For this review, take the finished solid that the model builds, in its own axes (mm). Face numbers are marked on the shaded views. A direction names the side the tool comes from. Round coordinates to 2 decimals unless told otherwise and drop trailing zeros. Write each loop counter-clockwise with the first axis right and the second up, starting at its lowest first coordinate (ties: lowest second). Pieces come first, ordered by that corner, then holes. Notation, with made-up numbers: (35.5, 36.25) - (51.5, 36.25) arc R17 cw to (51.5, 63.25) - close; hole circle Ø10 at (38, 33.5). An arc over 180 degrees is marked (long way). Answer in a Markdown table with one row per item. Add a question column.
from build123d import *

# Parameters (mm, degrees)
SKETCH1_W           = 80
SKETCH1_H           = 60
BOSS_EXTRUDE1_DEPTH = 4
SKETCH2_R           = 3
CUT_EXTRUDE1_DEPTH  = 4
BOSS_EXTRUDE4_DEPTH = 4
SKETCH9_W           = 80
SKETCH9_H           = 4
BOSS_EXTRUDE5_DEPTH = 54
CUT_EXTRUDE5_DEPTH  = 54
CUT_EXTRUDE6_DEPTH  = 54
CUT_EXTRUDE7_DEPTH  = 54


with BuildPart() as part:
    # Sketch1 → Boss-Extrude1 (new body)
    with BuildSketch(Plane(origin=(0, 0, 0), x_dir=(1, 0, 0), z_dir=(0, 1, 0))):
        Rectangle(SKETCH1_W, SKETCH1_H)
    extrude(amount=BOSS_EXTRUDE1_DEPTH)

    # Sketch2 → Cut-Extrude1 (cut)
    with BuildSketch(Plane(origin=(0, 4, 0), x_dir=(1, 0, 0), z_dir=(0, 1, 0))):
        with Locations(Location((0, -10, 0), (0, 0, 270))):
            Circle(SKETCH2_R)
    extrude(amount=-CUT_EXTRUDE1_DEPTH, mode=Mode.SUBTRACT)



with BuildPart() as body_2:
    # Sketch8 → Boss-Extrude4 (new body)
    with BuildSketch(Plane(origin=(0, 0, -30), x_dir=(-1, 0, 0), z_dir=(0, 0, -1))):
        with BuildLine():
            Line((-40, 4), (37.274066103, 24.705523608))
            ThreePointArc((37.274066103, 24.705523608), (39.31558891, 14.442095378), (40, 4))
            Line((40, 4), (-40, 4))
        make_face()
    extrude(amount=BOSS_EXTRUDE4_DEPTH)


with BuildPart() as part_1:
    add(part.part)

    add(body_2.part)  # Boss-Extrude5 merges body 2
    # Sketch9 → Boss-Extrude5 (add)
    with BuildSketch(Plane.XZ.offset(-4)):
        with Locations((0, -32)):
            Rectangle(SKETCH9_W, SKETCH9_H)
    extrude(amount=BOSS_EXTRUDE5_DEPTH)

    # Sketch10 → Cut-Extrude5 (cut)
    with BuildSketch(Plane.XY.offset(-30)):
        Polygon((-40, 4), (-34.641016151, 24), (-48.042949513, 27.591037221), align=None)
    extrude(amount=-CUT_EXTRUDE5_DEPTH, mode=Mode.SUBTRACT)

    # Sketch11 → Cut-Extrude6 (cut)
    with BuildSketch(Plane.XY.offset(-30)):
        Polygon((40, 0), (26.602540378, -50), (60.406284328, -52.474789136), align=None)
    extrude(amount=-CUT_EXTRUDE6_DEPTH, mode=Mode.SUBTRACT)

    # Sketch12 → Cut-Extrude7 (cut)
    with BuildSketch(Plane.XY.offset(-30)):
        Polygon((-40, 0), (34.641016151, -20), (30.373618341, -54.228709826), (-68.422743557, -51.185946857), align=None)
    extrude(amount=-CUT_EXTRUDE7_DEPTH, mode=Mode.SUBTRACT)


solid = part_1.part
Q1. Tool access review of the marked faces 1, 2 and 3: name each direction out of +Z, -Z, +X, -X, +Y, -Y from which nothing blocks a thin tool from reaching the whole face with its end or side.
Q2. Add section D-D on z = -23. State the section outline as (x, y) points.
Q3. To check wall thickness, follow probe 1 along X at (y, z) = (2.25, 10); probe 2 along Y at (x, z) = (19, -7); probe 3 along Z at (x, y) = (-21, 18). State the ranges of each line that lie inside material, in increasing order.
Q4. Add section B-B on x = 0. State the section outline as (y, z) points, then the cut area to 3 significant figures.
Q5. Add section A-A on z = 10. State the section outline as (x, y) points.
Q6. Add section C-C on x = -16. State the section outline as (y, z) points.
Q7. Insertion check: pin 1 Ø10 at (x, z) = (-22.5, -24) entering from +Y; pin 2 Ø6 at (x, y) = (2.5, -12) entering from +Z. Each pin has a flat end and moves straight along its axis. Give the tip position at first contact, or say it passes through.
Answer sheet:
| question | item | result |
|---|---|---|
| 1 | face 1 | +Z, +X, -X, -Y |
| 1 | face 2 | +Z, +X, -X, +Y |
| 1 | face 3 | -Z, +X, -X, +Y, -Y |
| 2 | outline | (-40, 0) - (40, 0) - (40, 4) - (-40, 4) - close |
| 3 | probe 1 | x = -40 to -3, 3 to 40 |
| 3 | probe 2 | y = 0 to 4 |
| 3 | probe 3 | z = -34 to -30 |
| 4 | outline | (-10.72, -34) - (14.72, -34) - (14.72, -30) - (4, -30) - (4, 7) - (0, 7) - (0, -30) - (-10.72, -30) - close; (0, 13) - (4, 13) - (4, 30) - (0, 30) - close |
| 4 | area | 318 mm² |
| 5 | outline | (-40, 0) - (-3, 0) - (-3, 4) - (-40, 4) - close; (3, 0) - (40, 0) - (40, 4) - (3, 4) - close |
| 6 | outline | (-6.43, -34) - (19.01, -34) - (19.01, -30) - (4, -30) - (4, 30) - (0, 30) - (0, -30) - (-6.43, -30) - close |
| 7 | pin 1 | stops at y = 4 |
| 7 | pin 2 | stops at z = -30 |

::::

* **Assignment**: Check each line of the preceding material for the word "SUBTRACT", then state how many lines contain it, with no other text.

* **Your response**: 4